Lectura del libro del Génesis 15, 5-12. 17-18

En aquellos días, Dios sacó afuera a Abrán y le dijo: «Mira al cielo; cuenta las estrellas, si puedes.» 

Y añadió: «Así será tu descendencia.» 

Abrán creyó al Señor, y se le contó en su haber. El Señor le dijo: «Yo soy el Señor, que te sacó de Ur de los Caldeos, para darte en posesión esta tierra.» 

Él replicó: «Señor Dios, ¿cómo sabré yo que voy a poseerla?» 

Respondió el Señor: «Tráeme una ternera de tres años, una cabra de tres años, un carnero de tres años, una tórtola y un pichón.» 

Abrán los trajo y los cortó por el medio, colocando cada mitad frente a la otra, pero no descuartizó las aves.
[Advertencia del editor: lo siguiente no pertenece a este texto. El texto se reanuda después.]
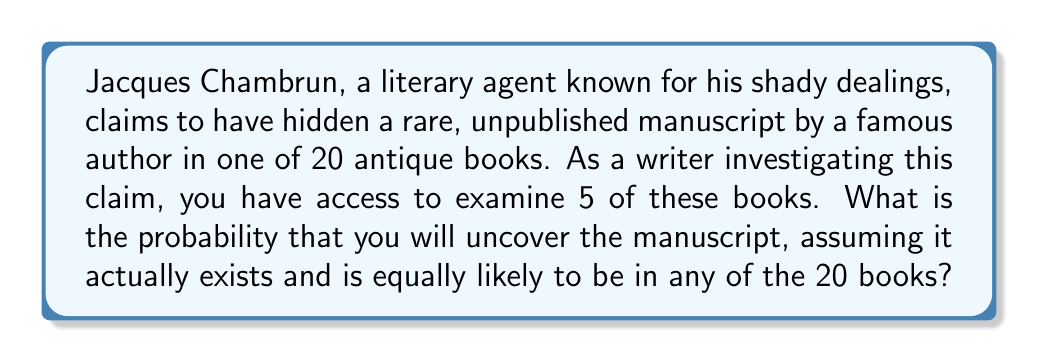Can you solve this math problem? To solve this problem, we can use the concept of combinatorics, specifically the combination formula.

1) First, let's consider the total number of ways to choose 5 books out of 20. This is given by the combination formula:

   $$\binom{20}{5} = \frac{20!}{5!(20-5)!} = \frac{20!}{5!15!}$$

2) Now, for the probability to be successful, the manuscript must be in one of the 5 books we choose. This is equivalent to choosing the book with the manuscript (1 way) and then choosing 4 more books from the remaining 19.

   $$1 \cdot \binom{19}{4} = 1 \cdot \frac{19!}{4!15!}$$

3) The probability is then the number of favorable outcomes divided by the total number of possible outcomes:

   $$P(\text{finding manuscript}) = \frac{1 \cdot \binom{19}{4}}{\binom{20}{5}}$$

4) Let's calculate this:

   $$P(\text{finding manuscript}) = \frac{1 \cdot \frac{19!}{4!15!}}{\frac{20!}{5!15!}}$$

5) The 15! cancels out in the numerator and denominator:

   $$P(\text{finding manuscript}) = \frac{1 \cdot \frac{19!}{4!}}{\frac{20!}{5!}}$$

6) Simplify:

   $$P(\text{finding manuscript}) = \frac{19! \cdot 5!}{4! \cdot 20!} = \frac{19 \cdot 5}{20 \cdot 20} = \frac{95}{400} = \frac{19}{80}$$

Therefore, the probability of finding the manuscript is $\frac{19}{80}$ or 0.2375 or 23.75%.
Answer: $\frac{19}{80}$ or 0.2375 or 23.75% 
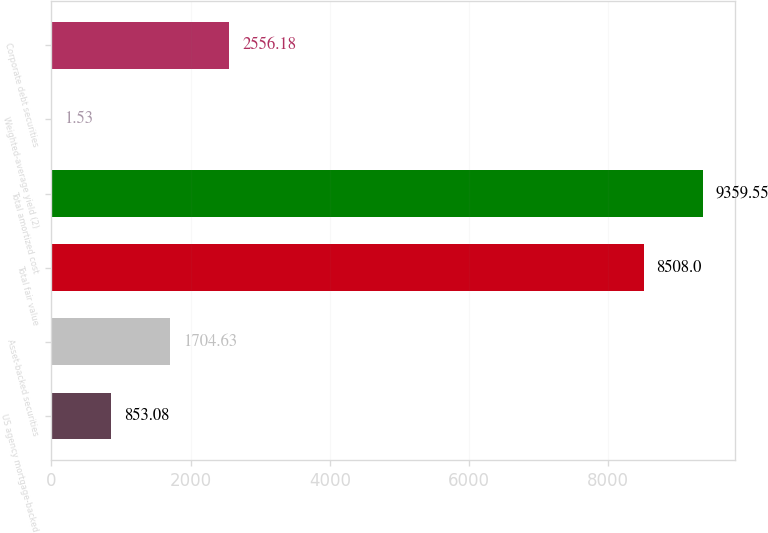<chart> <loc_0><loc_0><loc_500><loc_500><bar_chart><fcel>US agency mortgage-backed<fcel>Asset-backed securities<fcel>Total fair value<fcel>Total amortized cost<fcel>Weighted-average yield (2)<fcel>Corporate debt securities<nl><fcel>853.08<fcel>1704.63<fcel>8508<fcel>9359.55<fcel>1.53<fcel>2556.18<nl></chart> 
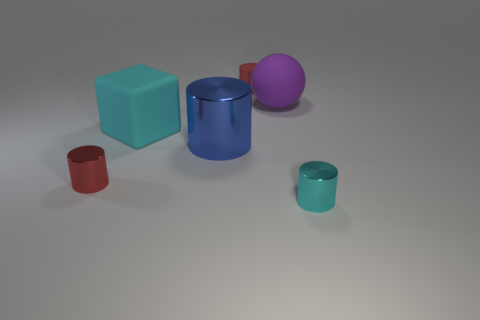Is there a red object of the same shape as the blue object?
Provide a succinct answer. Yes. There is a red object in front of the cyan rubber object; is its shape the same as the tiny red thing that is behind the tiny red metal cylinder?
Your response must be concise. Yes. Are there any blue metal objects of the same size as the cyan block?
Offer a terse response. Yes. Is the number of large spheres that are right of the large purple object the same as the number of objects on the left side of the big cyan block?
Keep it short and to the point. No. Is the material of the red thing that is behind the blue metal cylinder the same as the cyan thing that is on the left side of the purple sphere?
Make the answer very short. Yes. What material is the cyan cube?
Give a very brief answer. Rubber. What number of other things are there of the same color as the rubber block?
Your response must be concise. 1. What number of big blue objects are there?
Keep it short and to the point. 1. There is a big thing on the right side of the small red cylinder behind the red metallic thing; what is its material?
Offer a very short reply. Rubber. There is a cyan cylinder that is the same size as the red metal cylinder; what material is it?
Give a very brief answer. Metal. 
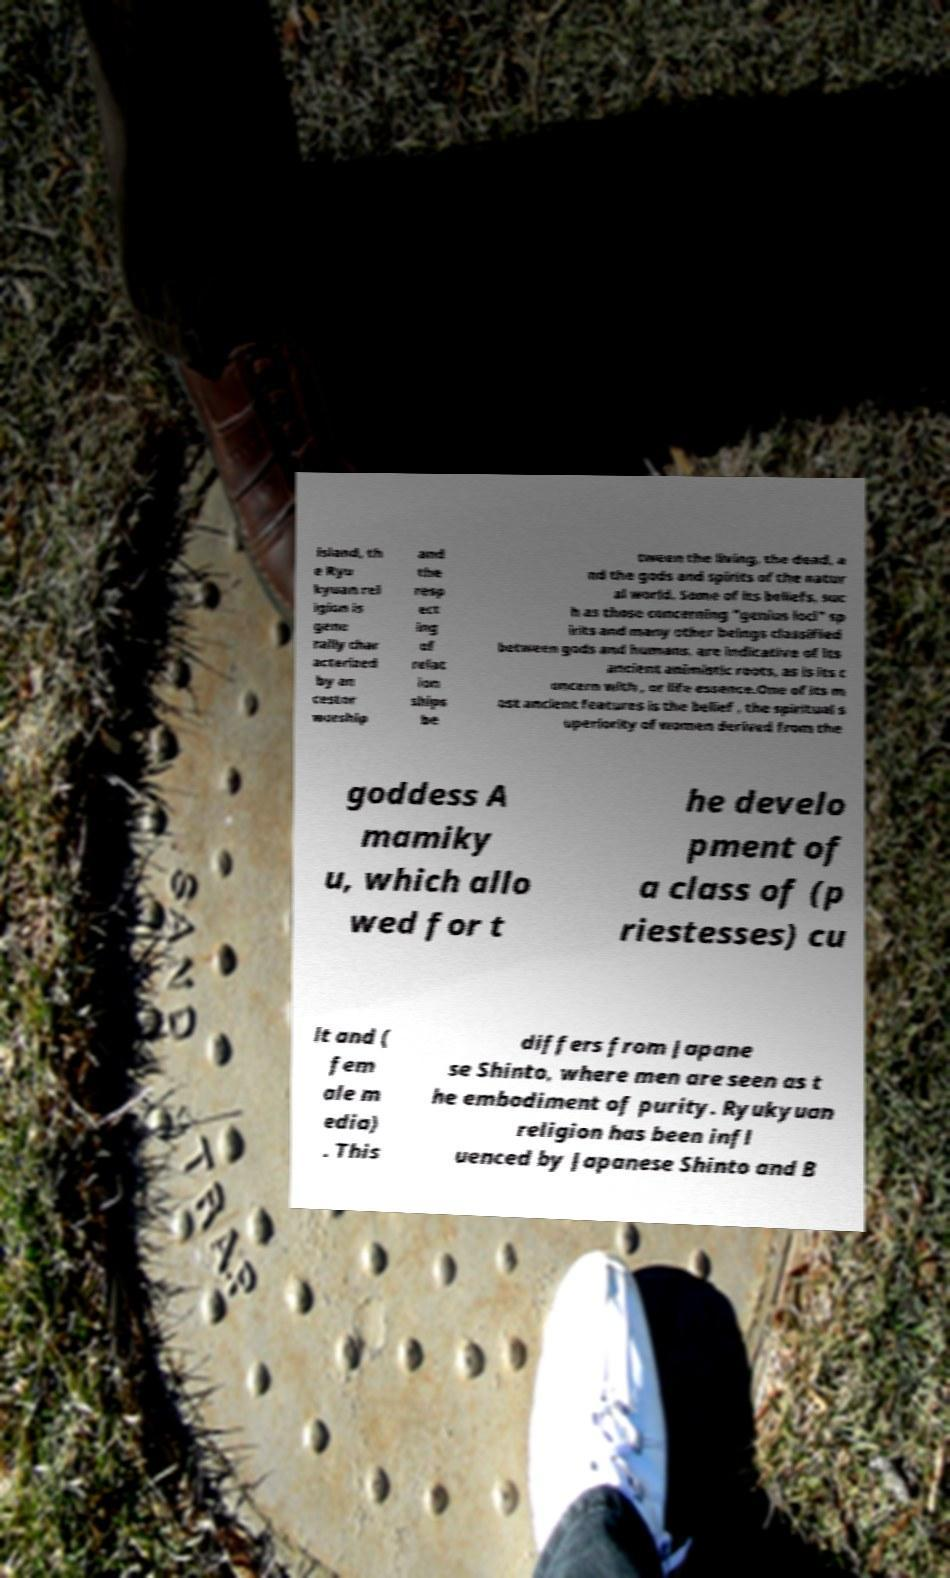There's text embedded in this image that I need extracted. Can you transcribe it verbatim? island, th e Ryu kyuan rel igion is gene rally char acterized by an cestor worship and the resp ect ing of relat ion ships be tween the living, the dead, a nd the gods and spirits of the natur al world. Some of its beliefs, suc h as those concerning "genius loci" sp irits and many other beings classified between gods and humans, are indicative of its ancient animistic roots, as is its c oncern with , or life essence.One of its m ost ancient features is the belief , the spiritual s uperiority of women derived from the goddess A mamiky u, which allo wed for t he develo pment of a class of (p riestesses) cu lt and ( fem ale m edia) . This differs from Japane se Shinto, where men are seen as t he embodiment of purity. Ryukyuan religion has been infl uenced by Japanese Shinto and B 
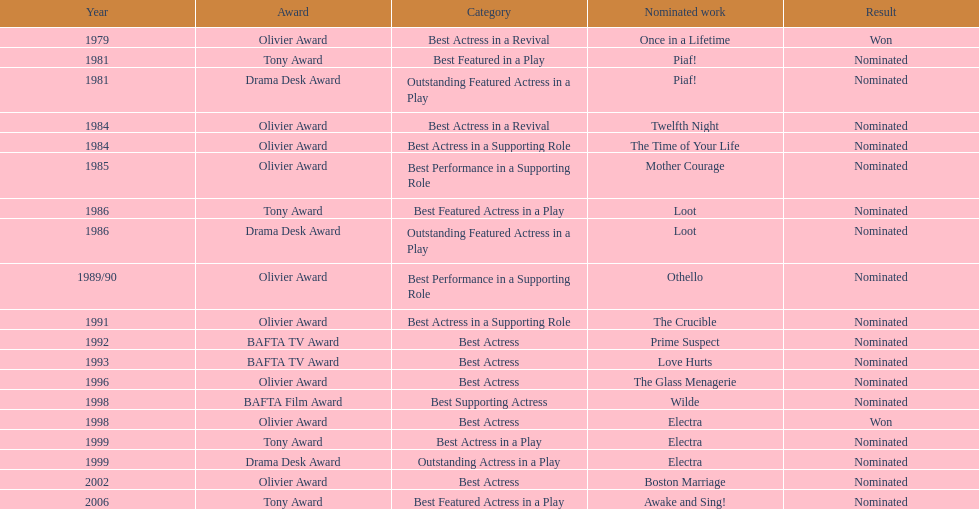Which accolade was received by "once in a lifetime"? Best Actress in a Revival. 
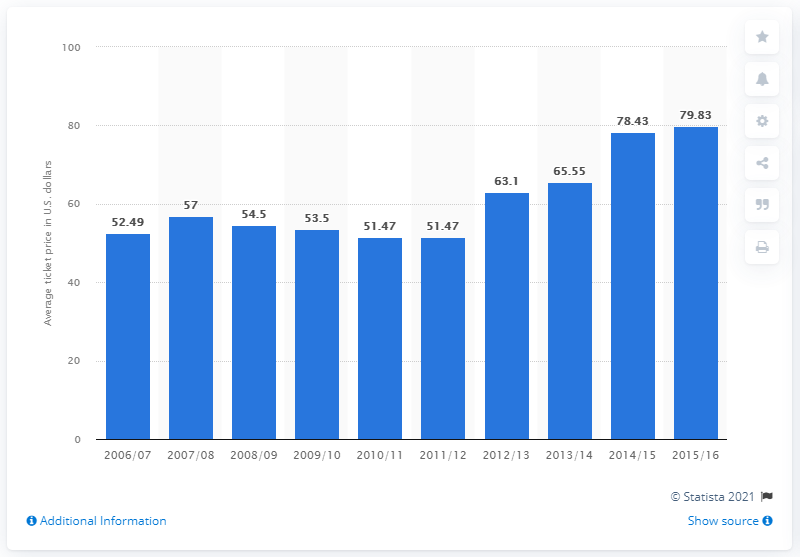Specify some key components in this picture. The average ticket price for Los Angeles Clippers games in the 2006/2007 season was 52.49. 
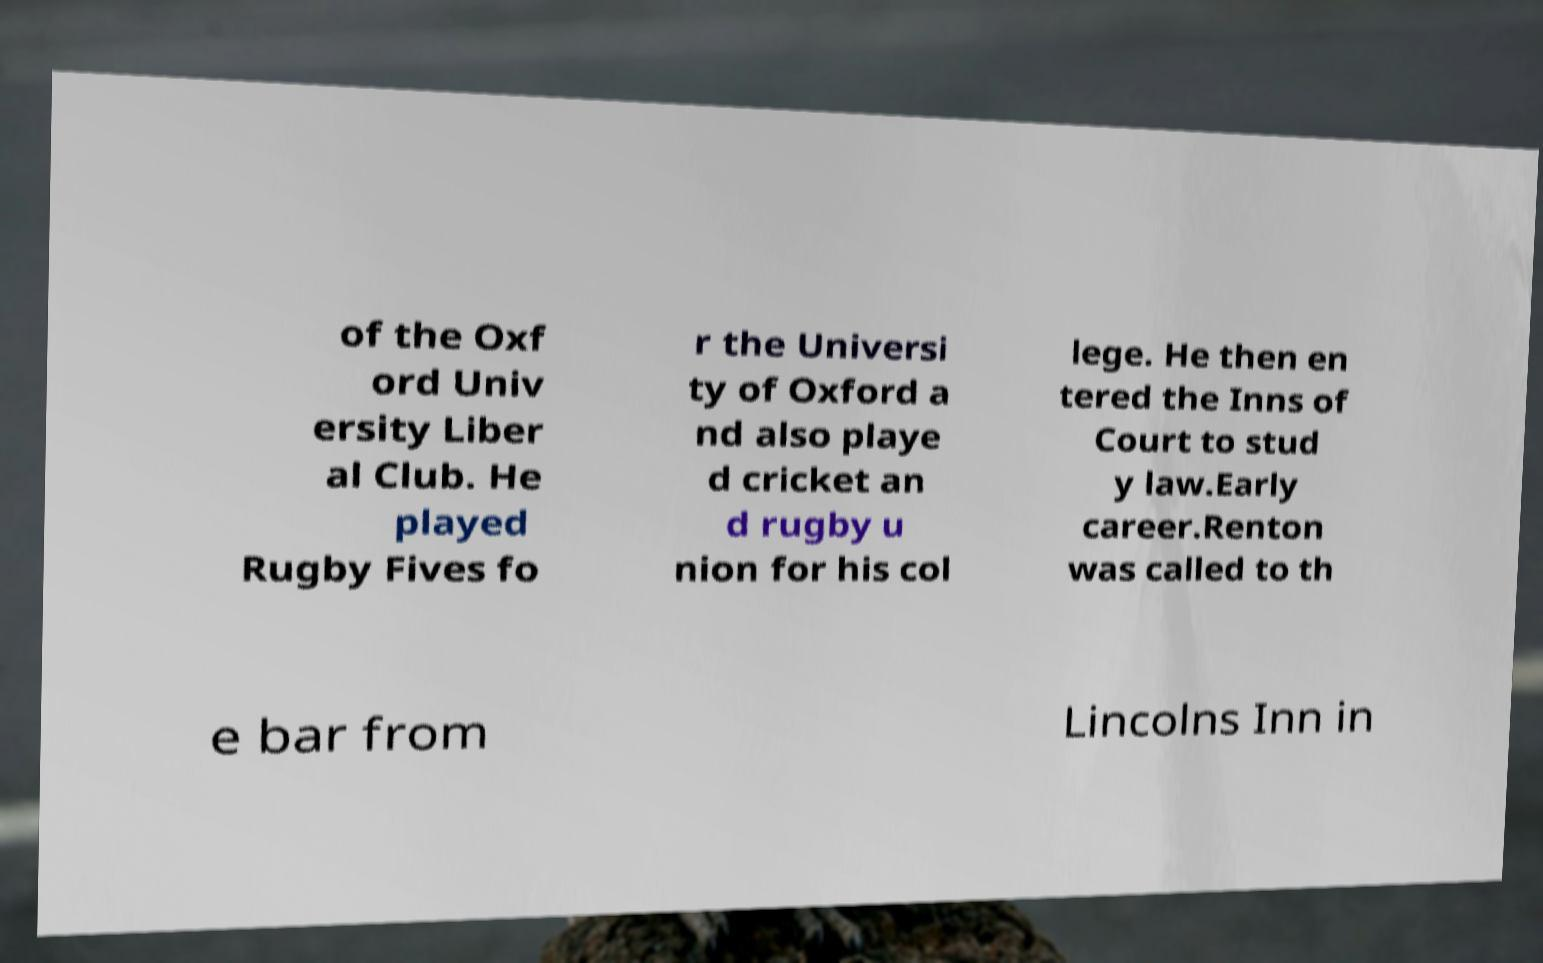I need the written content from this picture converted into text. Can you do that? of the Oxf ord Univ ersity Liber al Club. He played Rugby Fives fo r the Universi ty of Oxford a nd also playe d cricket an d rugby u nion for his col lege. He then en tered the Inns of Court to stud y law.Early career.Renton was called to th e bar from Lincolns Inn in 
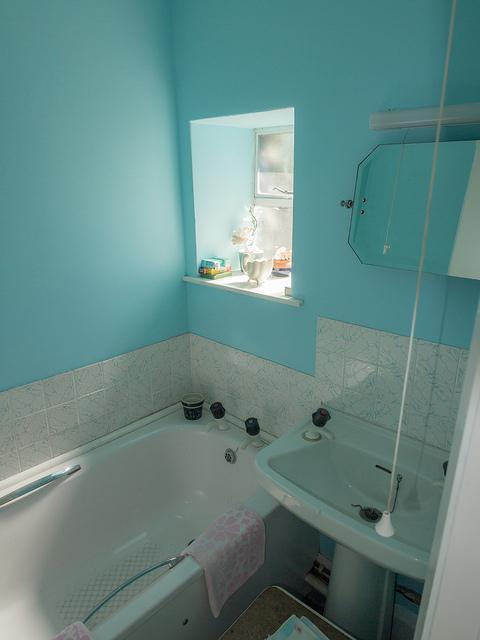How many bar of soaps are there?
Give a very brief answer. 0. How many soap dishes are on the wall?
Give a very brief answer. 0.

Los buitres bajaban a los cadáveres, y Abrán los espantaba. Cuando iba a ponerse el sol, un sueño profundo invadió a Abrán, y un terror intenso y oscuro cayó sobre él.  El sol se puso, y vino la oscuridad; una humareda de horno y una antorcha ardiendo pasaban entre los miembros descuartizados.  Aquel día el Señor hizo alianza con Abrán en estos términos: «A tus descendientes les daré esta tierra, desde el río de Egipto al Gran Río Éufrates.»

SALMO RESPONSORIAL. Salmo 26.

Antífona: El Señor es mi luz y mi salvación

El Señor es mi luz y mi salvación, ¿a quién temeré?
El Señor es la defensa de mi vida, ¿quién me hará temblar?

Escúchame, Señor, que te llamo; ten piedad, respóndeme.
Oigo en mi corazón: «Buscad mi rostro.»

Tu rostro buscaré, Señor, no me escondas tu rostro.
No rechaces con ira a tu siervo, que tú eres mi auxilio.

Espero gozar de la dicha del Señor en el país de la vida.
Espera en el Señor, sé valiente, ten ánimo, espera en el Señor.

SEGUNDA LECTURA. 

Lectura de la carta del apóstol san Pablo a los Filipenses 3, 17—4, 1

Seguid mi ejemplo, hermanos, y fijaos en los que andan según el modelo que tenéis en nosotros.  Porque, como os decía muchas veces, y ahora lo repito con lágrimas en los ojos, hay muchos que andan como enemigos de la cruz de Cristo: su paradero es la perdición; su Dios, el vientre; su gloria, sus vergüenzas. Sólo aspiran a cosas terrenas. 
Nosotros, por el contrario, somos ciudadanos del cielo, de donde aguardamos un Salvador: el Señor Jesucristo.  Él transformará nuestro cuerpo humilde, según el modelo de su cuerpo glorioso, con esa energía que posee para sometérselo todo. Así, pues, hermanos míos queridos y añorados, mi alegría y mi corona, manteneos así, en el Señor, queridos.

EVANGELIO.

Lectura del santo Evangelio según San Lucas 9, 28b-36

En aquel tiempo, Jesús cogió a Pedro, a Juan y a Santiago y subió a lo alto de la montaña, para orar. Y, mientras oraba, el aspecto de su rostro cambió, sus vestidos brillaban de blancos. 

De repente, dos hombres conversaban con él: eran Moisés y Elías, que, apareciendo con gloria, hablaban de su muerte, que iba a consumar en Jerusalén.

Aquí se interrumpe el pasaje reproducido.